[Data entries]
+ + + + +
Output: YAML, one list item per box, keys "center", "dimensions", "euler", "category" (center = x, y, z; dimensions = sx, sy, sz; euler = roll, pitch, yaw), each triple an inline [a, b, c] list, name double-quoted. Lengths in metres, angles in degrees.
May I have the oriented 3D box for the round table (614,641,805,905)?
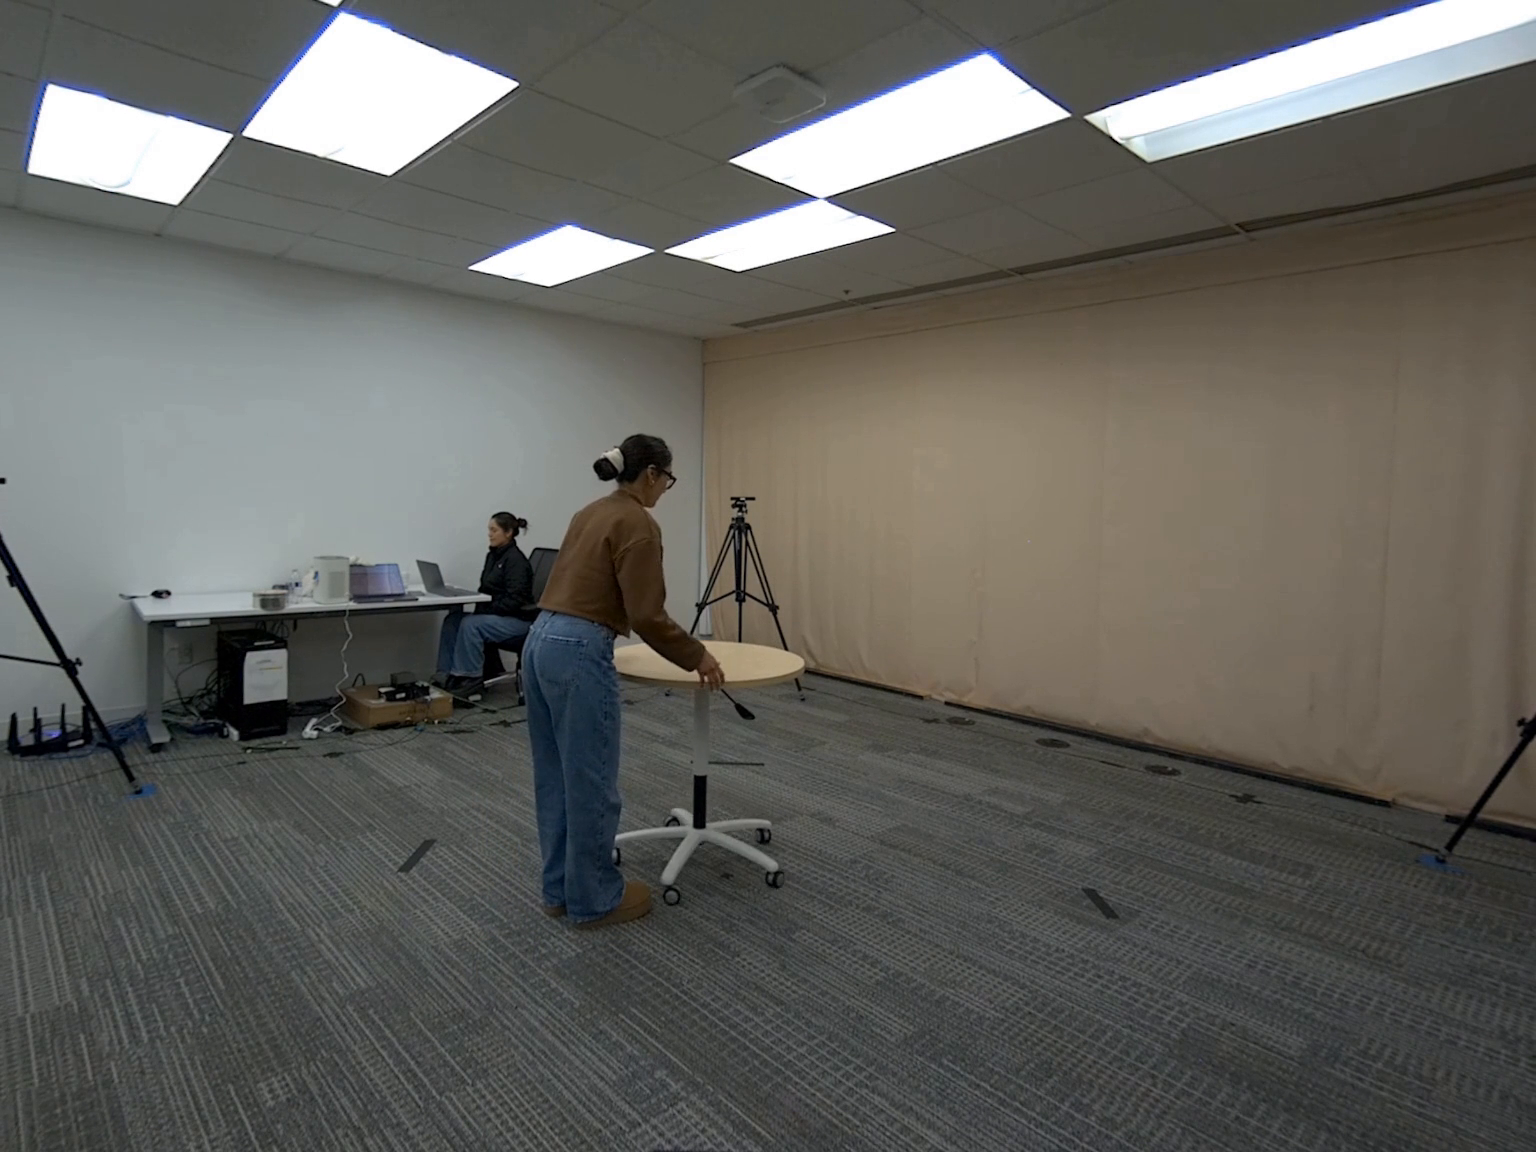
- center: [-0.259, 0.705, 3.190]
  dimensions: [0.763, 0.792, 0.767]
  euler: [1, 4, -1]
  category: "round table"
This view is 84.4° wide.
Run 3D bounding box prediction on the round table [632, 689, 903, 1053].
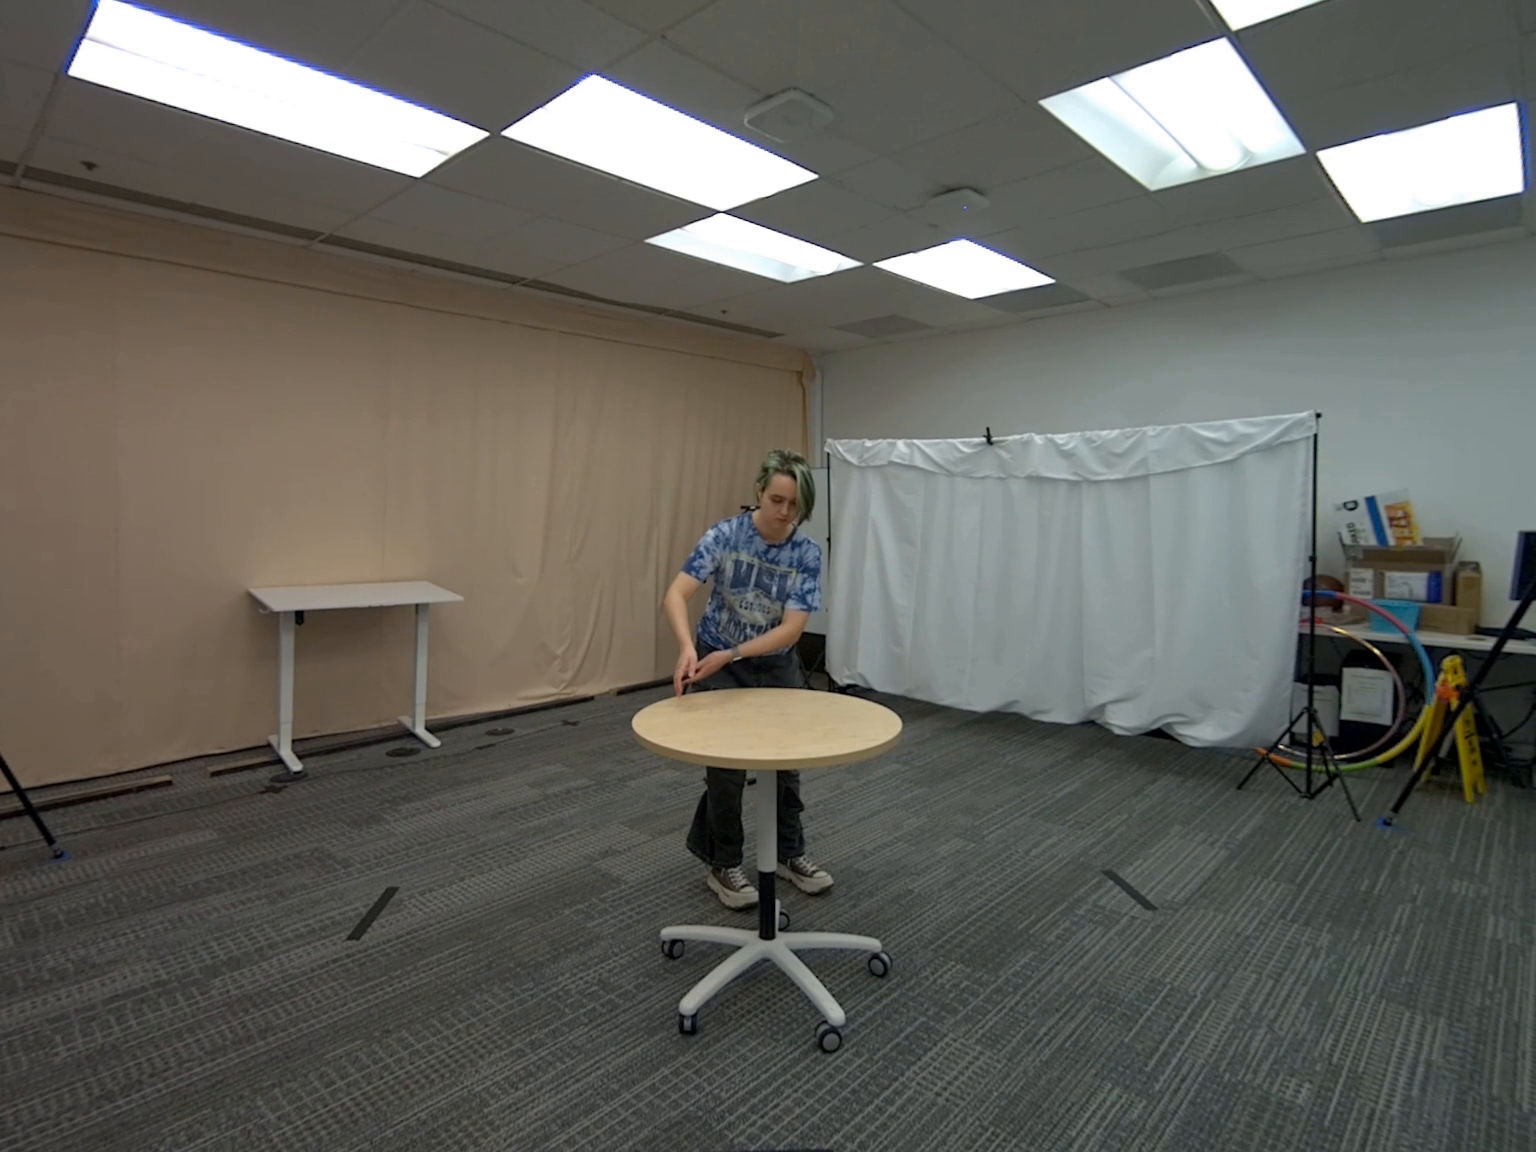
[{"bbox_3d":[-0.001,0.801,2.432,0.763,0.792,0.767,-1,4,-2],"label":"round table"}]
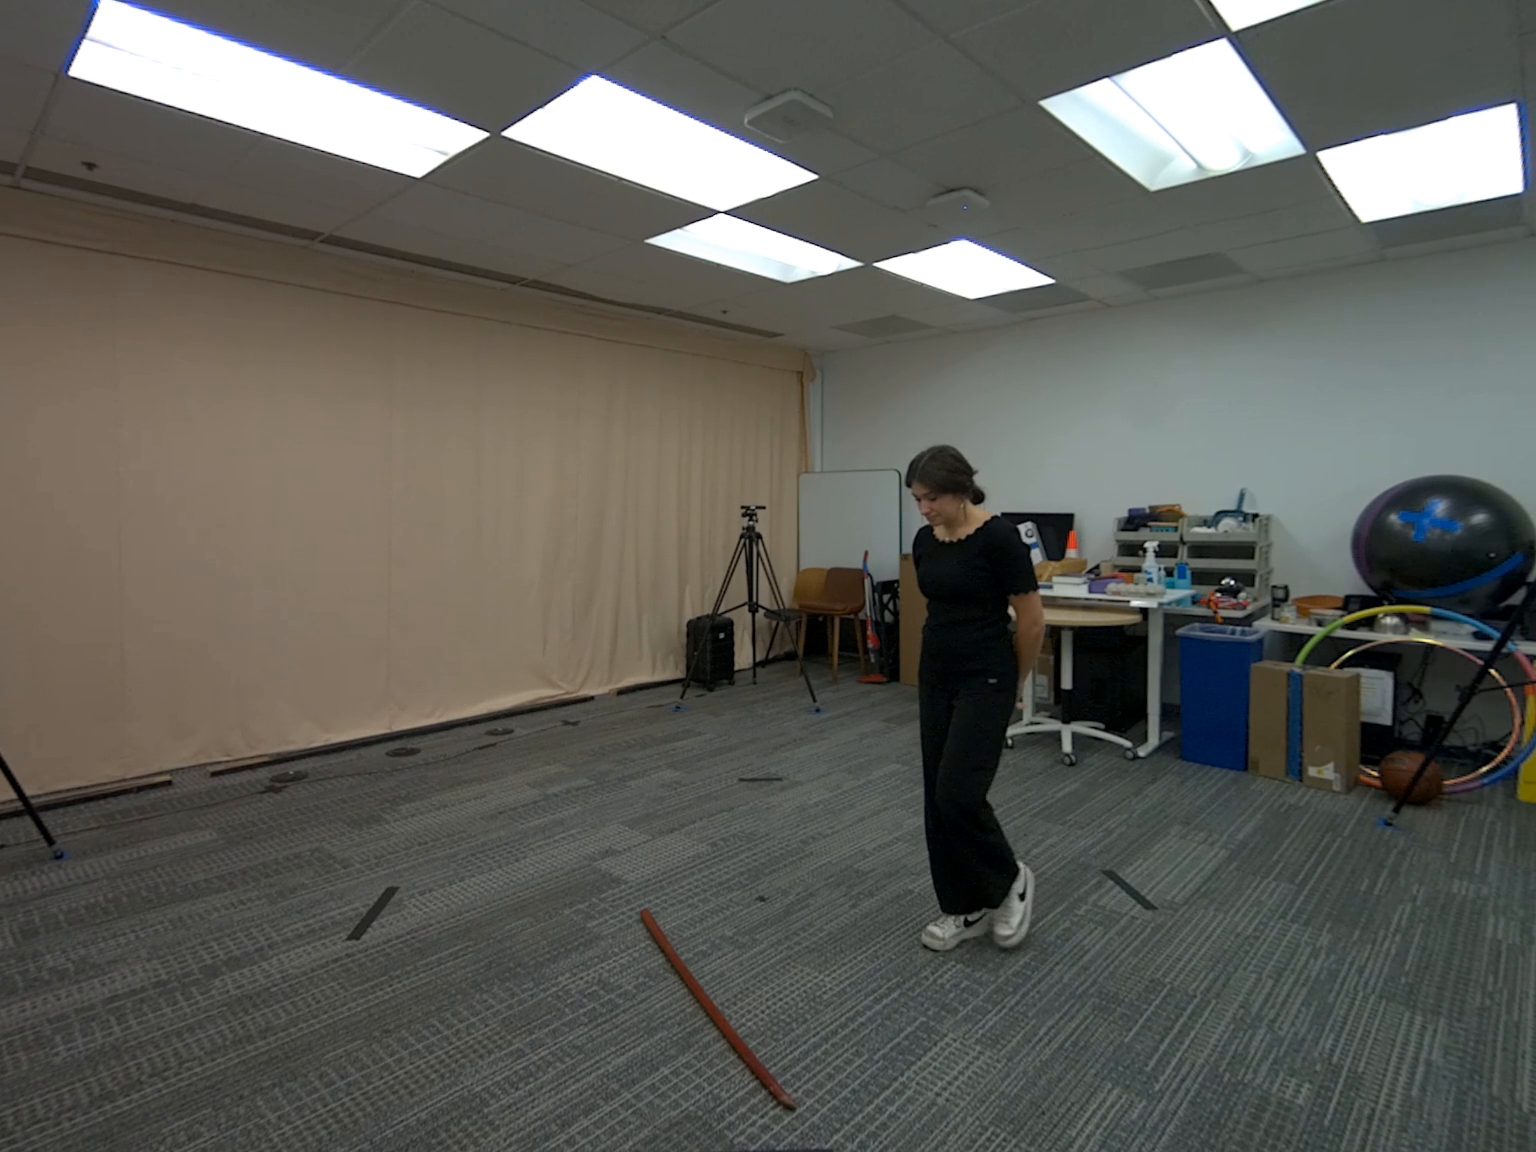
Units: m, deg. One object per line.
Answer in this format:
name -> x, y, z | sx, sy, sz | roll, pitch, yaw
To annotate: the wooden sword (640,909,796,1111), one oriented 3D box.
+ + + + +
Exact copies of the line containing "Answer in this" and of every line after it through the end of the entries are all that should be output.

*TASK SOLUTION*.
Answer in this format:
name -> x, y, z | sx, sy, sz | roll, pitch, yaw
To annotate: the wooden sword (640,909,796,1111), one oriented 3D box.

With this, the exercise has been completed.